Kitchen Traumas

Published in Gourmet Live 06.01.11
Gory slips and sensible tips from Gourmet Live staffer and trained chef Kelly Senyei

Rule No. 1: Never try to catch a falling knife.

It was day two of culinary school. My fellow student’s brand–new nine–inch Wüsthof knife fell from the butcher block in front of him. He reacted in a flash, instinctively extending his hand.

A two–inch laceration poured forth a river of red—on his checkered pants, on his white coat, on his cutting board, on the floor. Blood everywhere. Our chef instructor spotted the mishap out of the corner of his practiced eye: “Someone call 911.”

The result was a severed tendon in the student’s thumb and a dozen or so stitches. A botched suturing job robbed him of feeling in his finger, likely forever.

Between fierce cleavers, bubbling–hot oil, slippery floors, and swirling blades, a kitchen can be a dangerous place. And while minor cuts on fingers and hands are commonplace, there are times when the slipups are more reminiscent of a scene in Grey’s Anatomy.

Chris Gesualdi, a chef instructor at the Institute of Culinary Education in New York City and an experienced restaurant chef, has seen his share of kitchen calamities: blockbuster falls on greasy floors, 25–pound stand mixers crashing to the ground and smashing heads on the way, unattended blenders whizzing hot soup onto unsuspecting faces, and—right out of some crazed cartoon—chefs’ coats turned into candles by a classic flambé.

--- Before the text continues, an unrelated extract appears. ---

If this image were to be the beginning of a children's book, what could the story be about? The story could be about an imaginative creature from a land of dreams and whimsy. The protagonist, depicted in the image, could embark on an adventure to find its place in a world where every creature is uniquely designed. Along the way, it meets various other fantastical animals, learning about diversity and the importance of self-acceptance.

But by far the worst accident Gesualdi has witnessed—in a New York City restaurant of significant repute, he adds—involves two unlikely partners: naked flesh and hot oil. “One day, a guy was changing the lightbulb up where the [stove] hoods are, and a guy below him was straining the deep–fat fryer oil,” Gesualdi recalls. “The guy changing the lightbulb was getting down, and he stepped directly into the pot of 350–degree oil. It went all the way up from his foot to his knee.” The injury sent him straight to the hospital—for three months.

A hot–oil burn is among the most excruciating of accidents—second only to sticky hot sugar. When bubbling caramel comes into contact with skin, not only does it cause a burn, but it bonds like a barnacle. The pain is agonizing, and the recovery can be just as painful.

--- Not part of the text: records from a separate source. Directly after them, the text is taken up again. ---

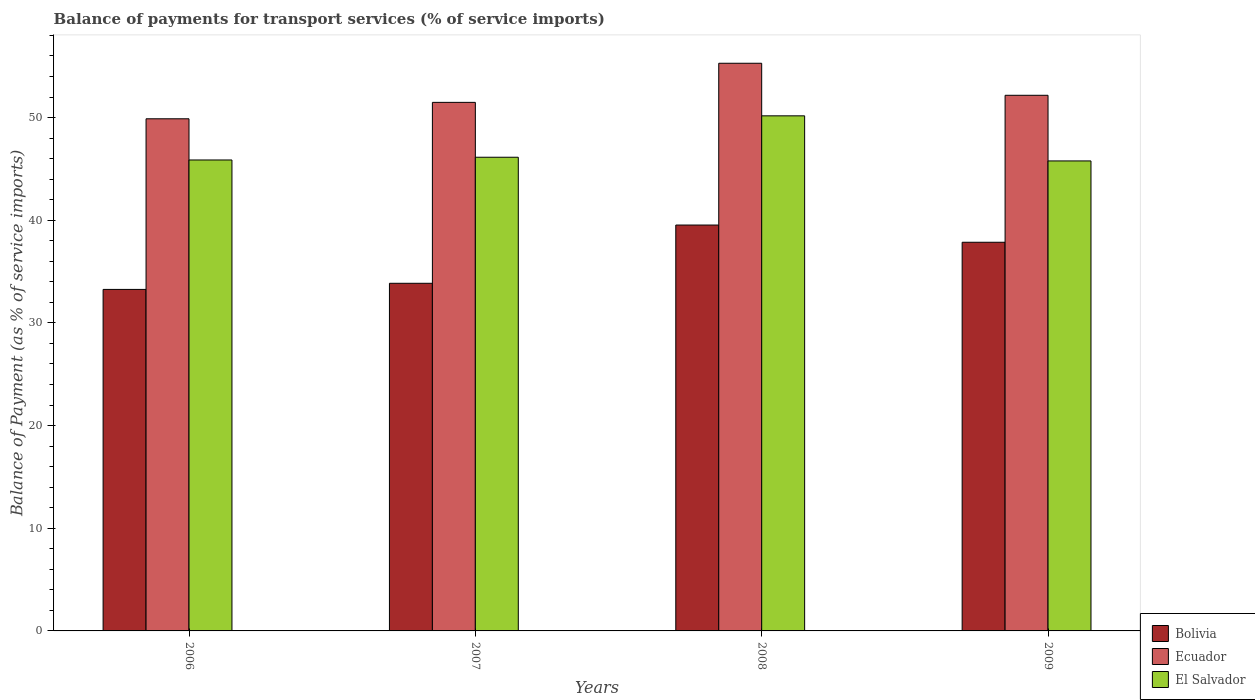Are the number of bars per tick equal to the number of legend labels?
Provide a short and direct response. Yes. Are the number of bars on each tick of the X-axis equal?
Your answer should be very brief. Yes. How many bars are there on the 2nd tick from the right?
Offer a terse response. 3. What is the label of the 3rd group of bars from the left?
Your response must be concise. 2008. In how many cases, is the number of bars for a given year not equal to the number of legend labels?
Make the answer very short. 0. What is the balance of payments for transport services in El Salvador in 2009?
Your answer should be compact. 45.78. Across all years, what is the maximum balance of payments for transport services in Ecuador?
Provide a succinct answer. 55.29. Across all years, what is the minimum balance of payments for transport services in Ecuador?
Give a very brief answer. 49.88. What is the total balance of payments for transport services in El Salvador in the graph?
Offer a terse response. 187.96. What is the difference between the balance of payments for transport services in Ecuador in 2008 and that in 2009?
Ensure brevity in your answer.  3.12. What is the difference between the balance of payments for transport services in El Salvador in 2009 and the balance of payments for transport services in Ecuador in 2006?
Keep it short and to the point. -4.11. What is the average balance of payments for transport services in Bolivia per year?
Ensure brevity in your answer.  36.13. In the year 2006, what is the difference between the balance of payments for transport services in El Salvador and balance of payments for transport services in Ecuador?
Your answer should be very brief. -4.01. What is the ratio of the balance of payments for transport services in Bolivia in 2006 to that in 2008?
Provide a succinct answer. 0.84. Is the balance of payments for transport services in Ecuador in 2006 less than that in 2008?
Ensure brevity in your answer.  Yes. What is the difference between the highest and the second highest balance of payments for transport services in El Salvador?
Offer a very short reply. 4.03. What is the difference between the highest and the lowest balance of payments for transport services in El Salvador?
Provide a succinct answer. 4.39. What does the 2nd bar from the left in 2008 represents?
Make the answer very short. Ecuador. How many bars are there?
Give a very brief answer. 12. Are all the bars in the graph horizontal?
Offer a very short reply. No. How many years are there in the graph?
Make the answer very short. 4. What is the difference between two consecutive major ticks on the Y-axis?
Offer a terse response. 10. Are the values on the major ticks of Y-axis written in scientific E-notation?
Ensure brevity in your answer.  No. Does the graph contain any zero values?
Ensure brevity in your answer.  No. Where does the legend appear in the graph?
Keep it short and to the point. Bottom right. How are the legend labels stacked?
Offer a very short reply. Vertical. What is the title of the graph?
Offer a very short reply. Balance of payments for transport services (% of service imports). What is the label or title of the X-axis?
Your answer should be very brief. Years. What is the label or title of the Y-axis?
Your answer should be very brief. Balance of Payment (as % of service imports). What is the Balance of Payment (as % of service imports) in Bolivia in 2006?
Ensure brevity in your answer.  33.26. What is the Balance of Payment (as % of service imports) of Ecuador in 2006?
Your answer should be very brief. 49.88. What is the Balance of Payment (as % of service imports) in El Salvador in 2006?
Keep it short and to the point. 45.87. What is the Balance of Payment (as % of service imports) of Bolivia in 2007?
Offer a terse response. 33.86. What is the Balance of Payment (as % of service imports) of Ecuador in 2007?
Make the answer very short. 51.48. What is the Balance of Payment (as % of service imports) of El Salvador in 2007?
Your response must be concise. 46.14. What is the Balance of Payment (as % of service imports) in Bolivia in 2008?
Offer a terse response. 39.53. What is the Balance of Payment (as % of service imports) of Ecuador in 2008?
Make the answer very short. 55.29. What is the Balance of Payment (as % of service imports) of El Salvador in 2008?
Offer a terse response. 50.17. What is the Balance of Payment (as % of service imports) of Bolivia in 2009?
Make the answer very short. 37.86. What is the Balance of Payment (as % of service imports) in Ecuador in 2009?
Offer a very short reply. 52.17. What is the Balance of Payment (as % of service imports) in El Salvador in 2009?
Offer a very short reply. 45.78. Across all years, what is the maximum Balance of Payment (as % of service imports) in Bolivia?
Keep it short and to the point. 39.53. Across all years, what is the maximum Balance of Payment (as % of service imports) in Ecuador?
Offer a terse response. 55.29. Across all years, what is the maximum Balance of Payment (as % of service imports) of El Salvador?
Keep it short and to the point. 50.17. Across all years, what is the minimum Balance of Payment (as % of service imports) of Bolivia?
Provide a succinct answer. 33.26. Across all years, what is the minimum Balance of Payment (as % of service imports) in Ecuador?
Offer a terse response. 49.88. Across all years, what is the minimum Balance of Payment (as % of service imports) in El Salvador?
Your response must be concise. 45.78. What is the total Balance of Payment (as % of service imports) in Bolivia in the graph?
Your response must be concise. 144.52. What is the total Balance of Payment (as % of service imports) of Ecuador in the graph?
Ensure brevity in your answer.  208.83. What is the total Balance of Payment (as % of service imports) in El Salvador in the graph?
Make the answer very short. 187.96. What is the difference between the Balance of Payment (as % of service imports) of Bolivia in 2006 and that in 2007?
Make the answer very short. -0.6. What is the difference between the Balance of Payment (as % of service imports) of Ecuador in 2006 and that in 2007?
Provide a short and direct response. -1.6. What is the difference between the Balance of Payment (as % of service imports) in El Salvador in 2006 and that in 2007?
Give a very brief answer. -0.27. What is the difference between the Balance of Payment (as % of service imports) in Bolivia in 2006 and that in 2008?
Ensure brevity in your answer.  -6.27. What is the difference between the Balance of Payment (as % of service imports) in Ecuador in 2006 and that in 2008?
Ensure brevity in your answer.  -5.41. What is the difference between the Balance of Payment (as % of service imports) in El Salvador in 2006 and that in 2008?
Ensure brevity in your answer.  -4.3. What is the difference between the Balance of Payment (as % of service imports) in Bolivia in 2006 and that in 2009?
Ensure brevity in your answer.  -4.59. What is the difference between the Balance of Payment (as % of service imports) in Ecuador in 2006 and that in 2009?
Make the answer very short. -2.29. What is the difference between the Balance of Payment (as % of service imports) of El Salvador in 2006 and that in 2009?
Provide a succinct answer. 0.09. What is the difference between the Balance of Payment (as % of service imports) in Bolivia in 2007 and that in 2008?
Provide a succinct answer. -5.67. What is the difference between the Balance of Payment (as % of service imports) in Ecuador in 2007 and that in 2008?
Offer a terse response. -3.81. What is the difference between the Balance of Payment (as % of service imports) in El Salvador in 2007 and that in 2008?
Offer a very short reply. -4.03. What is the difference between the Balance of Payment (as % of service imports) of Bolivia in 2007 and that in 2009?
Ensure brevity in your answer.  -4. What is the difference between the Balance of Payment (as % of service imports) in Ecuador in 2007 and that in 2009?
Provide a succinct answer. -0.69. What is the difference between the Balance of Payment (as % of service imports) of El Salvador in 2007 and that in 2009?
Make the answer very short. 0.36. What is the difference between the Balance of Payment (as % of service imports) in Bolivia in 2008 and that in 2009?
Provide a succinct answer. 1.68. What is the difference between the Balance of Payment (as % of service imports) of Ecuador in 2008 and that in 2009?
Your answer should be very brief. 3.12. What is the difference between the Balance of Payment (as % of service imports) of El Salvador in 2008 and that in 2009?
Your answer should be very brief. 4.39. What is the difference between the Balance of Payment (as % of service imports) of Bolivia in 2006 and the Balance of Payment (as % of service imports) of Ecuador in 2007?
Offer a very short reply. -18.22. What is the difference between the Balance of Payment (as % of service imports) in Bolivia in 2006 and the Balance of Payment (as % of service imports) in El Salvador in 2007?
Your answer should be compact. -12.87. What is the difference between the Balance of Payment (as % of service imports) of Ecuador in 2006 and the Balance of Payment (as % of service imports) of El Salvador in 2007?
Your answer should be very brief. 3.75. What is the difference between the Balance of Payment (as % of service imports) of Bolivia in 2006 and the Balance of Payment (as % of service imports) of Ecuador in 2008?
Keep it short and to the point. -22.03. What is the difference between the Balance of Payment (as % of service imports) of Bolivia in 2006 and the Balance of Payment (as % of service imports) of El Salvador in 2008?
Your answer should be compact. -16.91. What is the difference between the Balance of Payment (as % of service imports) of Ecuador in 2006 and the Balance of Payment (as % of service imports) of El Salvador in 2008?
Give a very brief answer. -0.29. What is the difference between the Balance of Payment (as % of service imports) of Bolivia in 2006 and the Balance of Payment (as % of service imports) of Ecuador in 2009?
Offer a terse response. -18.91. What is the difference between the Balance of Payment (as % of service imports) of Bolivia in 2006 and the Balance of Payment (as % of service imports) of El Salvador in 2009?
Give a very brief answer. -12.51. What is the difference between the Balance of Payment (as % of service imports) of Ecuador in 2006 and the Balance of Payment (as % of service imports) of El Salvador in 2009?
Give a very brief answer. 4.11. What is the difference between the Balance of Payment (as % of service imports) of Bolivia in 2007 and the Balance of Payment (as % of service imports) of Ecuador in 2008?
Provide a short and direct response. -21.43. What is the difference between the Balance of Payment (as % of service imports) in Bolivia in 2007 and the Balance of Payment (as % of service imports) in El Salvador in 2008?
Make the answer very short. -16.31. What is the difference between the Balance of Payment (as % of service imports) of Ecuador in 2007 and the Balance of Payment (as % of service imports) of El Salvador in 2008?
Offer a very short reply. 1.31. What is the difference between the Balance of Payment (as % of service imports) in Bolivia in 2007 and the Balance of Payment (as % of service imports) in Ecuador in 2009?
Keep it short and to the point. -18.31. What is the difference between the Balance of Payment (as % of service imports) in Bolivia in 2007 and the Balance of Payment (as % of service imports) in El Salvador in 2009?
Provide a short and direct response. -11.92. What is the difference between the Balance of Payment (as % of service imports) of Ecuador in 2007 and the Balance of Payment (as % of service imports) of El Salvador in 2009?
Offer a very short reply. 5.7. What is the difference between the Balance of Payment (as % of service imports) of Bolivia in 2008 and the Balance of Payment (as % of service imports) of Ecuador in 2009?
Ensure brevity in your answer.  -12.64. What is the difference between the Balance of Payment (as % of service imports) of Bolivia in 2008 and the Balance of Payment (as % of service imports) of El Salvador in 2009?
Provide a short and direct response. -6.24. What is the difference between the Balance of Payment (as % of service imports) in Ecuador in 2008 and the Balance of Payment (as % of service imports) in El Salvador in 2009?
Give a very brief answer. 9.51. What is the average Balance of Payment (as % of service imports) of Bolivia per year?
Keep it short and to the point. 36.13. What is the average Balance of Payment (as % of service imports) in Ecuador per year?
Offer a very short reply. 52.21. What is the average Balance of Payment (as % of service imports) of El Salvador per year?
Your answer should be very brief. 46.99. In the year 2006, what is the difference between the Balance of Payment (as % of service imports) in Bolivia and Balance of Payment (as % of service imports) in Ecuador?
Provide a succinct answer. -16.62. In the year 2006, what is the difference between the Balance of Payment (as % of service imports) of Bolivia and Balance of Payment (as % of service imports) of El Salvador?
Offer a terse response. -12.61. In the year 2006, what is the difference between the Balance of Payment (as % of service imports) in Ecuador and Balance of Payment (as % of service imports) in El Salvador?
Keep it short and to the point. 4.01. In the year 2007, what is the difference between the Balance of Payment (as % of service imports) of Bolivia and Balance of Payment (as % of service imports) of Ecuador?
Provide a succinct answer. -17.62. In the year 2007, what is the difference between the Balance of Payment (as % of service imports) in Bolivia and Balance of Payment (as % of service imports) in El Salvador?
Keep it short and to the point. -12.28. In the year 2007, what is the difference between the Balance of Payment (as % of service imports) in Ecuador and Balance of Payment (as % of service imports) in El Salvador?
Provide a short and direct response. 5.34. In the year 2008, what is the difference between the Balance of Payment (as % of service imports) in Bolivia and Balance of Payment (as % of service imports) in Ecuador?
Ensure brevity in your answer.  -15.76. In the year 2008, what is the difference between the Balance of Payment (as % of service imports) of Bolivia and Balance of Payment (as % of service imports) of El Salvador?
Your answer should be very brief. -10.64. In the year 2008, what is the difference between the Balance of Payment (as % of service imports) in Ecuador and Balance of Payment (as % of service imports) in El Salvador?
Your response must be concise. 5.12. In the year 2009, what is the difference between the Balance of Payment (as % of service imports) of Bolivia and Balance of Payment (as % of service imports) of Ecuador?
Keep it short and to the point. -14.31. In the year 2009, what is the difference between the Balance of Payment (as % of service imports) in Bolivia and Balance of Payment (as % of service imports) in El Salvador?
Your answer should be very brief. -7.92. In the year 2009, what is the difference between the Balance of Payment (as % of service imports) of Ecuador and Balance of Payment (as % of service imports) of El Salvador?
Your answer should be compact. 6.39. What is the ratio of the Balance of Payment (as % of service imports) in Bolivia in 2006 to that in 2007?
Keep it short and to the point. 0.98. What is the ratio of the Balance of Payment (as % of service imports) in Ecuador in 2006 to that in 2007?
Ensure brevity in your answer.  0.97. What is the ratio of the Balance of Payment (as % of service imports) in El Salvador in 2006 to that in 2007?
Give a very brief answer. 0.99. What is the ratio of the Balance of Payment (as % of service imports) of Bolivia in 2006 to that in 2008?
Your answer should be very brief. 0.84. What is the ratio of the Balance of Payment (as % of service imports) in Ecuador in 2006 to that in 2008?
Provide a short and direct response. 0.9. What is the ratio of the Balance of Payment (as % of service imports) in El Salvador in 2006 to that in 2008?
Your response must be concise. 0.91. What is the ratio of the Balance of Payment (as % of service imports) of Bolivia in 2006 to that in 2009?
Your response must be concise. 0.88. What is the ratio of the Balance of Payment (as % of service imports) in Ecuador in 2006 to that in 2009?
Offer a terse response. 0.96. What is the ratio of the Balance of Payment (as % of service imports) in El Salvador in 2006 to that in 2009?
Ensure brevity in your answer.  1. What is the ratio of the Balance of Payment (as % of service imports) of Bolivia in 2007 to that in 2008?
Provide a short and direct response. 0.86. What is the ratio of the Balance of Payment (as % of service imports) in Ecuador in 2007 to that in 2008?
Offer a very short reply. 0.93. What is the ratio of the Balance of Payment (as % of service imports) in El Salvador in 2007 to that in 2008?
Your response must be concise. 0.92. What is the ratio of the Balance of Payment (as % of service imports) in Bolivia in 2007 to that in 2009?
Offer a terse response. 0.89. What is the ratio of the Balance of Payment (as % of service imports) in Bolivia in 2008 to that in 2009?
Provide a succinct answer. 1.04. What is the ratio of the Balance of Payment (as % of service imports) in Ecuador in 2008 to that in 2009?
Provide a short and direct response. 1.06. What is the ratio of the Balance of Payment (as % of service imports) of El Salvador in 2008 to that in 2009?
Your response must be concise. 1.1. What is the difference between the highest and the second highest Balance of Payment (as % of service imports) in Bolivia?
Offer a terse response. 1.68. What is the difference between the highest and the second highest Balance of Payment (as % of service imports) in Ecuador?
Your response must be concise. 3.12. What is the difference between the highest and the second highest Balance of Payment (as % of service imports) of El Salvador?
Give a very brief answer. 4.03. What is the difference between the highest and the lowest Balance of Payment (as % of service imports) in Bolivia?
Your answer should be very brief. 6.27. What is the difference between the highest and the lowest Balance of Payment (as % of service imports) of Ecuador?
Offer a terse response. 5.41. What is the difference between the highest and the lowest Balance of Payment (as % of service imports) of El Salvador?
Offer a very short reply. 4.39.

Burn wounds linger, often leaving noticeable scars not unlike those resulting from a knife—or, worse, a band saw. “The band saw is a bone cutter, and it’s almost like cutting wood,” says Stanley Lobel, owner of Manhattan’s historic Lobel’s of New York butcher shop. “I’ve never seen [injuries happen] in our shop because we have certain rules you have to follow, but I’ve heard of fingers and hands getting cut very, very severely.”

Butchers are on the front lines of kitchen trauma, of course, surrounded by six–inch meat cleavers, spinning slicers, and churning meat grinders. “Almost all of the old–time butchers I know have lost a piece of their finger,” reports Dario Cecchini, a world–renowned butcher based in Panzano in Chianti, a suburb of Florence, Italy. Cecchini has been wielding a knife for more than 37 years and considers himself lucky: “It’s actually quite a heroic thing that I’ve gotten as far as I have while still having all ten fingers.”

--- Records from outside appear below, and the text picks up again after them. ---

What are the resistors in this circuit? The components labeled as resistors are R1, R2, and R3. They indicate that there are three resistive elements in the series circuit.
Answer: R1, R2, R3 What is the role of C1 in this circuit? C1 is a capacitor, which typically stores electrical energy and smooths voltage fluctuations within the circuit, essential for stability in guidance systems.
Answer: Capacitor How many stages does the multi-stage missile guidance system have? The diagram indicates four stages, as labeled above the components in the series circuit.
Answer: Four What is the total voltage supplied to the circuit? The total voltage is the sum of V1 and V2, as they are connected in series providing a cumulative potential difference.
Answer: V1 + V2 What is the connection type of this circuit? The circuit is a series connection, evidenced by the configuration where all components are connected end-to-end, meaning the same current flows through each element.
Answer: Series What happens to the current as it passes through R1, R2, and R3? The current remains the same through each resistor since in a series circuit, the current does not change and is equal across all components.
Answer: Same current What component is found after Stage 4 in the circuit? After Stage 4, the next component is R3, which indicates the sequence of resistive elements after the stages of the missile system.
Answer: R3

Bad luck and ill timing aside, there are strategic steps to take to keep kitchen accidents at bay. The most important precaution of them all may actually seem like the most counterintuitive. But Gesualdi, Lobel, and Cecchini concur: A very sharp knife is the first safeguard against cutting yourself.

“When you use a sharp knife, you only have to make one or two cuts, maximum,” says Lobel. “Whereas when you use a dull knife, you’re pushing your knife back and forth for a cut that should have been made once or twice. And there’s an inherent chance of it slipping or jerking out of the particular cut you’re doing.” The butchers’ bottom line: Dull knives make you work, while sharp knives do the work for you.

Make sure you are cutting away from your body and stationary hand at all times, Lobel advises. “In other words, if you’re right–handed, the blade should be facing to your right,” and vice versa for left–handers.